Myth: experts are useless.
Reality: personnel is policy.
"The complete uselessness of credentialed elites is the big theme of 2021 for sure."
Expert-credentialing institutions reliably select against wisdom and kenning, because public choice theory is true.
Even mainstream scientists will admit that we expect upward of 60% of scientific studies to be false. Is that real? No: personnel is policy. If upwards of 60% of studies are false, that means upwards of 60% of scientists are snake oil. A real scientist can get the right answer on the first try using a birthday-party budget. The experiment's purpose is to separate those who already knew all along from the many poseurs, in the same way you don't let someone claim they're good at footy without seeing them on the pitch. "Science is still the the most reliable way to know things." Lol @ calling the NSF's product "science."
That said, refresher: domain knowledge is far from useless. If you disagree, try playing chess against someone with more hours but a lower IQ than you.

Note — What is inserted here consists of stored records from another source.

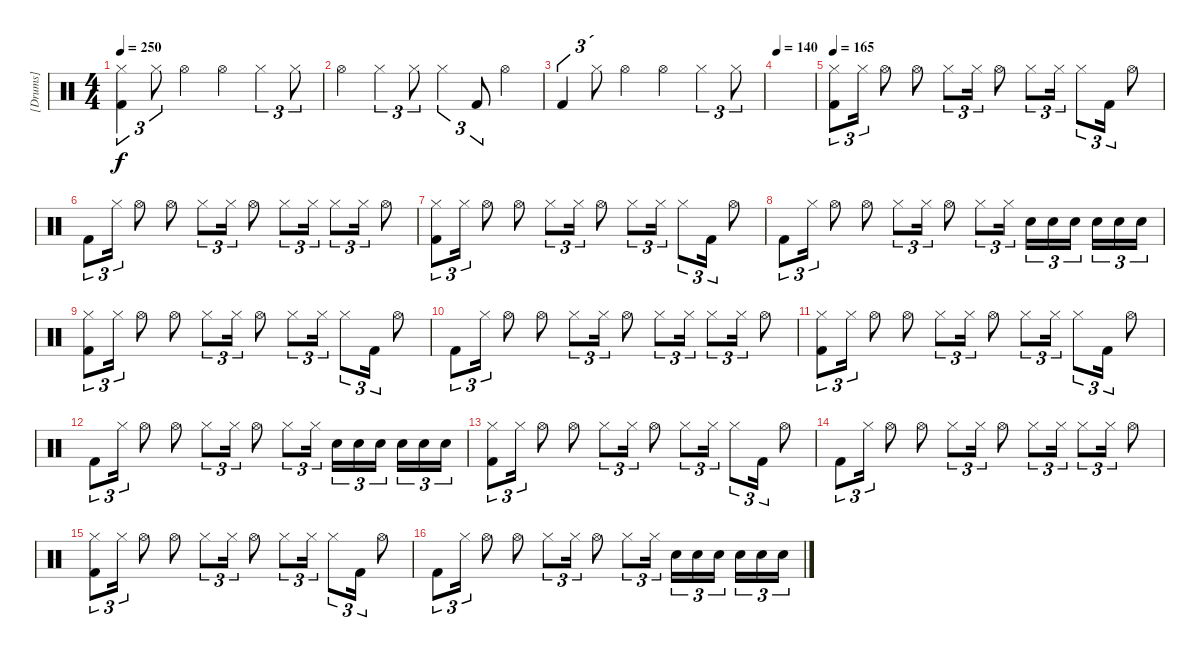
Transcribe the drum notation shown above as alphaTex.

\track ("[Drums]" "[Drums]") {instrument percussion}
\staff {score}
\articulation defaults
\ts (4 4)
\tempo 250
\clef neutral
\ks c
("Hi-Hat (closed)" "Kick (hit) 2").4{tu (3 2) dy f} "Hi-Hat (closed)".8{tu (3 2)} "Hi-Hat (open)".4 "Hi-Hat (open)".4 "Hi-Hat (closed)".4{tu (3 2)} "Hi-Hat (closed)".8{tu (3 2)} |
"Hi-Hat (open)".4 "Hi-Hat (closed)".4{tu (3 2)} "Hi-Hat (closed)".8{tu (3 2)} "Hi-Hat (closed)".4{tu (3 2)} "Kick (hit) 2".8{tu (3 2)} "Hi-Hat (open)".4 |
"Kick (hit) 2".4{tu (3 2)} "Hi-Hat (closed)".8{tu (3 2)} "Hi-Hat (open)".4 "Hi-Hat (open)".4 "Hi-Hat (closed)".4{tu (3 2)} "Hi-Hat (closed)".8{tu (3 2)} |
\tempo 140
|
\tempo 165
("Hi-Hat (closed)" "Kick (hit) 2").8{tu (3 2)} "Hi-Hat (closed)".16{tu (3 2)} "Hi-Hat (open)".8 "Hi-Hat (open)".8 "Hi-Hat (closed)".8{tu (3 2)} "Hi-Hat (closed)".16{tu (3 2)} "Hi-Hat (open)".8 "Hi-Hat (closed)".8{tu (3 2)} "Hi-Hat (closed)".16{tu (3 2)} "Hi-Hat (closed)".8{tu (3 2)} "Kick (hit) 2".16{tu (3 2)} "Hi-Hat (open)".8 |
"Kick (hit) 2".8{tu (3 2)} "Hi-Hat (closed)".16{tu (3 2)} "Hi-Hat (open)".8 "Hi-Hat (open)".8 "Hi-Hat (closed)".8{tu (3 2)} "Hi-Hat (closed)".16{tu (3 2)} "Hi-Hat (open)".8 "Hi-Hat (closed)".8{tu (3 2)} "Hi-Hat (closed)".16{tu (3 2)} "Hi-Hat (closed)".8{tu (3 2)} "Hi-Hat (closed)".16{tu (3 2)} "Hi-Hat (open)".8 |
("Hi-Hat (closed)" "Kick (hit) 2").8{tu (3 2)} "Hi-Hat (closed)".16{tu (3 2)} "Hi-Hat (open)".8 "Hi-Hat (open)".8 "Hi-Hat (closed)".8{tu (3 2)} "Hi-Hat (closed)".16{tu (3 2)} "Hi-Hat (open)".8 "Hi-Hat (closed)".8{tu (3 2)} "Hi-Hat (closed)".16{tu (3 2)} "Hi-Hat (closed)".8{tu (3 2)} "Kick (hit) 2".16{tu (3 2)} "Hi-Hat (open)".8 |
"Kick (hit) 2".8{tu (3 2)} "Hi-Hat (closed)".16{tu (3 2)} "Hi-Hat (open)".8 "Hi-Hat (open)".8 "Hi-Hat (closed)".8{tu (3 2)} "Hi-Hat (closed)".16{tu (3 2)} "Hi-Hat (open)".8 "Hi-Hat (closed)".8{tu (3 2)} "Hi-Hat (closed)".16{tu (3 2)} "Electric Snare (hit)".16{tu (3 2)} "Electric Snare (hit)".16{tu (3 2)} "Electric Snare (hit)".16{tu (3 2) beam splitsecondary} "Electric Snare (hit)".16{tu (3 2)} "Electric Snare (hit)".16{tu (3 2)} "Electric Snare (hit)".16{tu (3 2)} |
("Hi-Hat (closed)" "Kick (hit) 2").8{tu (3 2)} "Hi-Hat (closed)".16{tu (3 2)} "Hi-Hat (open)".8 "Hi-Hat (open)".8 "Hi-Hat (closed)".8{tu (3 2)} "Hi-Hat (closed)".16{tu (3 2)} "Hi-Hat (open)".8 "Hi-Hat (closed)".8{tu (3 2)} "Hi-Hat (closed)".16{tu (3 2)} "Hi-Hat (closed)".8{tu (3 2)} "Kick (hit) 2".16{tu (3 2)} "Hi-Hat (open)".8 |
"Kick (hit) 2".8{tu (3 2)} "Hi-Hat (closed)".16{tu (3 2)} "Hi-Hat (open)".8 "Hi-Hat (open)".8 "Hi-Hat (closed)".8{tu (3 2)} "Hi-Hat (closed)".16{tu (3 2)} "Hi-Hat (open)".8 "Hi-Hat (closed)".8{tu (3 2)} "Hi-Hat (closed)".16{tu (3 2)} "Hi-Hat (closed)".8{tu (3 2)} "Hi-Hat (closed)".16{tu (3 2)} "Hi-Hat (open)".8 |
("Hi-Hat (closed)" "Kick (hit) 2").8{tu (3 2)} "Hi-Hat (closed)".16{tu (3 2)} "Hi-Hat (open)".8 "Hi-Hat (open)".8 "Hi-Hat (closed)".8{tu (3 2)} "Hi-Hat (closed)".16{tu (3 2)} "Hi-Hat (open)".8 "Hi-Hat (closed)".8{tu (3 2)} "Hi-Hat (closed)".16{tu (3 2)} "Hi-Hat (closed)".8{tu (3 2)} "Kick (hit) 2".16{tu (3 2)} "Hi-Hat (open)".8 |
"Kick (hit) 2".8{tu (3 2)} "Hi-Hat (closed)".16{tu (3 2)} "Hi-Hat (open)".8 "Hi-Hat (open)".8 "Hi-Hat (closed)".8{tu (3 2)} "Hi-Hat (closed)".16{tu (3 2)} "Hi-Hat (open)".8 "Hi-Hat (closed)".8{tu (3 2)} "Hi-Hat (closed)".16{tu (3 2)} "Electric Snare (hit)".16{tu (3 2)} "Electric Snare (hit)".16{tu (3 2)} "Electric Snare (hit)".16{tu (3 2) beam splitsecondary} "Electric Snare (hit)".16{tu (3 2)} "Electric Snare (hit)".16{tu (3 2)} "Electric Snare (hit)".16{tu (3 2)} |
("Hi-Hat (closed)" "Kick (hit) 2").8{tu (3 2)} "Hi-Hat (closed)".16{tu (3 2)} "Hi-Hat (open)".8 "Hi-Hat (open)".8 "Hi-Hat (closed)".8{tu (3 2)} "Hi-Hat (closed)".16{tu (3 2)} "Hi-Hat (open)".8 "Hi-Hat (closed)".8{tu (3 2)} "Hi-Hat (closed)".16{tu (3 2)} "Hi-Hat (closed)".8{tu (3 2)} "Kick (hit) 2".16{tu (3 2)} "Hi-Hat (open)".8 |
"Kick (hit) 2".8{tu (3 2)} "Hi-Hat (closed)".16{tu (3 2)} "Hi-Hat (open)".8 "Hi-Hat (open)".8 "Hi-Hat (closed)".8{tu (3 2)} "Hi-Hat (closed)".16{tu (3 2)} "Hi-Hat (open)".8 "Hi-Hat (closed)".8{tu (3 2)} "Hi-Hat (closed)".16{tu (3 2)} "Hi-Hat (closed)".8{tu (3 2)} "Hi-Hat (closed)".16{tu (3 2)} "Hi-Hat (open)".8 |
("Hi-Hat (closed)" "Kick (hit) 2").8{tu (3 2)} "Hi-Hat (closed)".16{tu (3 2)} "Hi-Hat (open)".8 "Hi-Hat (open)".8 "Hi-Hat (closed)".8{tu (3 2)} "Hi-Hat (closed)".16{tu (3 2)} "Hi-Hat (open)".8 "Hi-Hat (closed)".8{tu (3 2)} "Hi-Hat (closed)".16{tu (3 2)} "Hi-Hat (closed)".8{tu (3 2)} "Kick (hit) 2".16{tu (3 2)} "Hi-Hat (open)".8 |
"Kick (hit) 2".8{tu (3 2)} "Hi-Hat (closed)".16{tu (3 2)} "Hi-Hat (open)".8 "Hi-Hat (open)".8 "Hi-Hat (closed)".8{tu (3 2)} "Hi-Hat (closed)".16{tu (3 2)} "Hi-Hat (open)".8 "Hi-Hat (closed)".8{tu (3 2)} "Hi-Hat (closed)".16{tu (3 2)} "Electric Snare (hit)".16{tu (3 2)} "Electric Snare (hit)".16{tu (3 2)} "Electric Snare (hit)".16{tu (3 2) beam splitsecondary} "Electric Snare (hit)".16{tu (3 2)} "Electric Snare (hit)".16{tu (3 2)} "Electric Snare (hit)".16{tu (3 2)}

The Official experts don't even have domain knowledge.
"This is the dilemma then. “Trust the experts” can lead the public astray, and so does “don’t trust the experts.”"
Peasants are inherently astray, much like sheep. Best you can do is have them all go astray to the same place, so the sheepdogs can keep the wolves off.
P.S. "Once, I had two reviewers recommend a paper be publish there, but the editor arbitrarily decided to reject, and I knew I had no good fallback option."
Peer review sounds sketchy, but science isn't even peer reviewed for real. It's editor-reviewed. (I understand the term of art is [desk rejection].) As per Regressive Inquisition doctrine, all gatekeepers are priority capture targets, meaning all journal editors toe the line or they never stood a chance of being hired in the first place.
Naturally journal revenue is almost entirely State-funded, just in case you get any ideas about trying to start an independent journal.
Naturally, you don't know the name of a single one of these journal editors, even though "Science" is the #1 driver of bureaucrat decisions. Hanania is very careful not to mention a name. You sure do know Jeff Bezos' name though, now don't you?
P.P.S. "You're ruled by who you're not allowed to offend," being normie sociology, is naturally pwned. How about the guy who is so intimidating that you won't even name him after you don't work in his field anymore?
P.P.P.S. I think midwit syndrome is this: being able to describe a situation, and therefore thinking you have a worthwhile analysis of that situation.
"Moreover, we’re much richer than we were in 1960, and I’m sure spending on public safety has increased. With all that, we are now about tied with where we were almost three-quarters of a century ago, a massive failure."
"We’ve likewise seen 80 years of a continuous increase in depression among college students."
P.P.P.P.S. You can't read La Wik's article on public choice theory because it's comically circumspect. Public choice theory is the idea that government agents are self-interested instead of angelically altruistic. For some reason, you find bureaucracies get more money via lobbying for more money from the IRS and Fed, not by pursuing their alleged function.
More precisely, the EPA causes environmental damage instead of preventing damage, because if they solved all the problems their budget would be cut to zero instead of expanded. They expand problems so as to expand their budget. The feedback is self-accelerating: the larger the EPA's budget, the more they can spend on lavish kickbacks for those in charge of increasing their budget.
The only reason "private" firms serve the customer is because customer satisfaction is directly linked to future revenue. Public vs. private is a bit of a distraction; the real action is entirely in the incentives.
Bonus round: even PCT doesn't properly recognize the attraction of social status and instead always uses money as a proxy.